На поминках Серафим говорил о Пане те слова, которые казались Юне единственно верными:
— У нее не было родственников. Но мне очень жаль Юну, Евгению Петровну, Николая, дядю Володю да и себя тоже, потому что мы больше никогда не услышим про «спальни», «типерича». Прасковья Яковлевна была для нас своего рода эпохой. В ней отражалась и доброта, и мудрость народная…

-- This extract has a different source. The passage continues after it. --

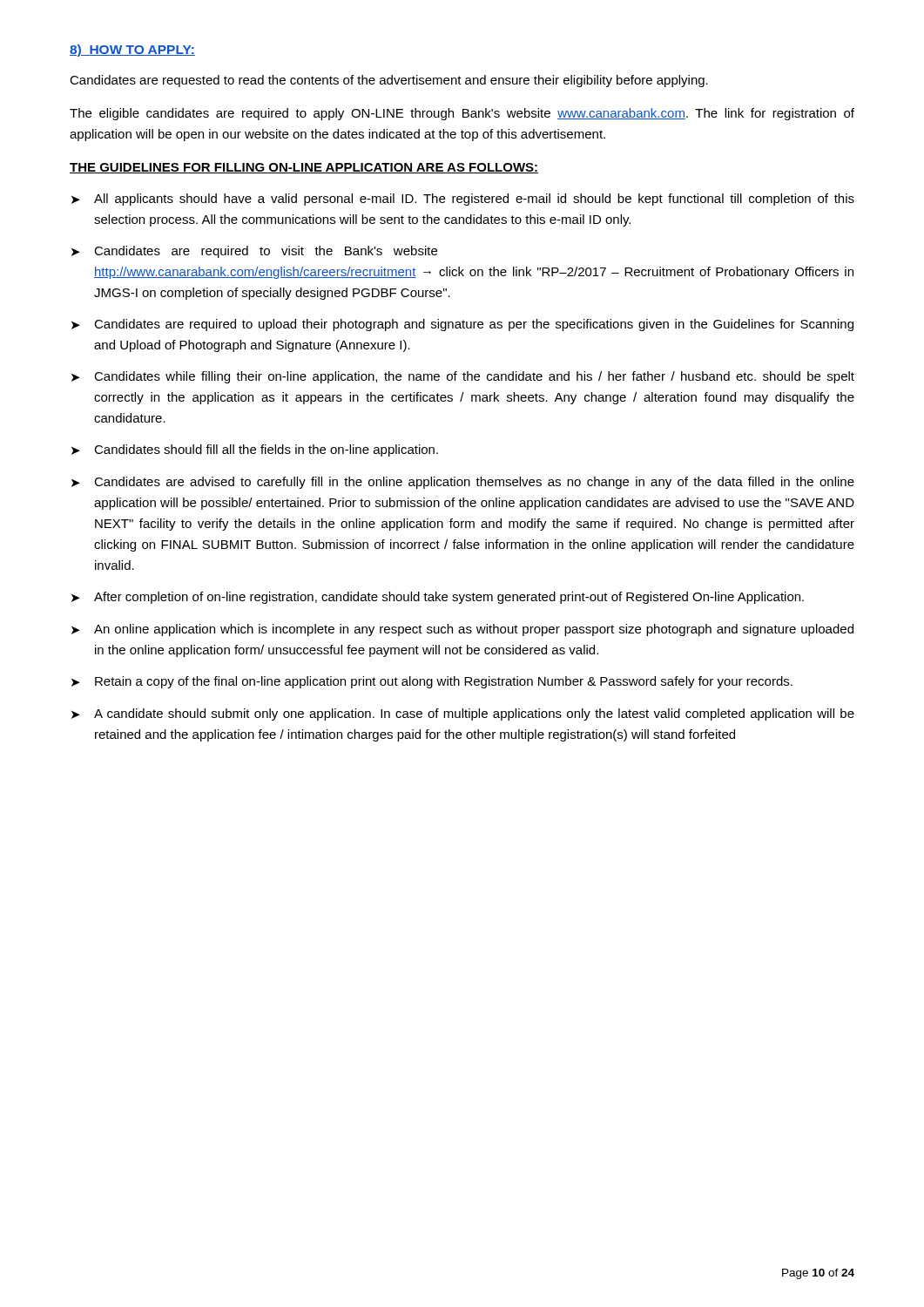The width and height of the screenshot is (924, 1307).
Task: Where is the passage that starts "➤ An online application"?
Action: [462, 640]

После поминок Юна и Серафим сидели вдвоем и говорили о Пане, о Рождественской, о своем детстве, оставшемся в небольшом московском дворе. Вдруг Симка неожиданно спросил:
— Ты почему коронку не поставишь? Сейчас делают прекрасные, белые.
Юна ясно вспомнила снежную горку во дворе. Ребята притащили откуда-то дырявое корыто и, влезая в него парами, с грохотом скатывались с горки вниз. Юна должна была сесть в корыто с Вовкой Романцом, крупным, сильным мальчиком. Едва она нагнулась, чтобы сесть в корыто, как Вовка решил развернуть его поудобнее. Он со всей силы пнул корыто ногой. Оно подскочило и задело девочку по лицу. Юна упала. Она еще лежала в снегу, а дети, толкая друг друга, стараясь один опередить другого, перескакивали по ступенькам подвальной лестницы вниз и кричали, что Юнку Романец корытом убил. Услышав это, Фрося осела на пол, и Паня не знала, что делать. То ли бежать к Юне, то ли отхаживать Фросю.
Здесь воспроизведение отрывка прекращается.